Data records

________________

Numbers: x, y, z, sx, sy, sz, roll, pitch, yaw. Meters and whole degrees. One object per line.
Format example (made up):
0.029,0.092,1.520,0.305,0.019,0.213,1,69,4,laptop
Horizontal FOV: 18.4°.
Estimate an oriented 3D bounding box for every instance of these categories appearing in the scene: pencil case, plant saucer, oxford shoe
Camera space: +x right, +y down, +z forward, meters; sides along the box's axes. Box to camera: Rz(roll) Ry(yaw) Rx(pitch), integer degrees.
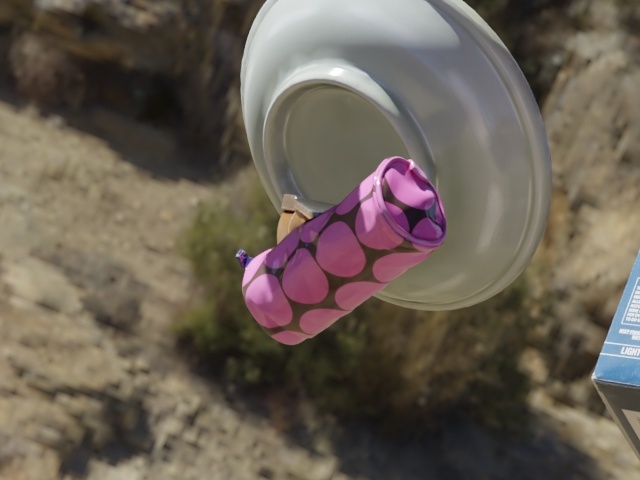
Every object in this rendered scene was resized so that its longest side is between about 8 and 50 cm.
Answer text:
0.019,0.005,1.672,0.095,0.209,0.098,42,45,-16,pencil case
0.050,-0.091,2.073,0.400,0.400,0.100,32,43,24,plant saucer
0.000,0.000,1.845,0.076,0.076,0.212,16,-1,-8,oxford shoe

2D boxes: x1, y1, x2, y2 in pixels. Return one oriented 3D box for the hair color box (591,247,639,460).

________________

* Exercise aim: An exact transcription of all the entries is required, without the pictures.

* Finished exercise:
Numbers: x, y, z, sx, sy, sz, roll, pitch, yaw. Meters and whole degrees. One object per line.
Format example (made up):
0.029,0.092,1.520,0.305,0.019,0.213,1,69,4,laptop
Horizontal FOV: 18.4°.
Estimate an oriented 3D bounding box for every instance of these categories appearing in the scene: pencil case, plant saucer, oxford shoe
Camera space: +x right, +y down, +z forward, meters; sides along the box's axes. Box to camera: Rz(roll) Ry(yaw) Rx(pitch), integer degrees.
Every object in this rendered scene was resized so that its longest side is between about 8 and 50 cm.
Answer text:
0.019,0.005,1.672,0.095,0.209,0.098,42,45,-16,pencil case
0.050,-0.091,2.073,0.400,0.400,0.100,32,43,24,plant saucer
0.000,0.000,1.845,0.076,0.076,0.212,16,-1,-8,oxford shoe

2D boxes: x1, y1, x2, y2 in pixels. Return one oriented 3D box for the hair color box (591,247,639,460).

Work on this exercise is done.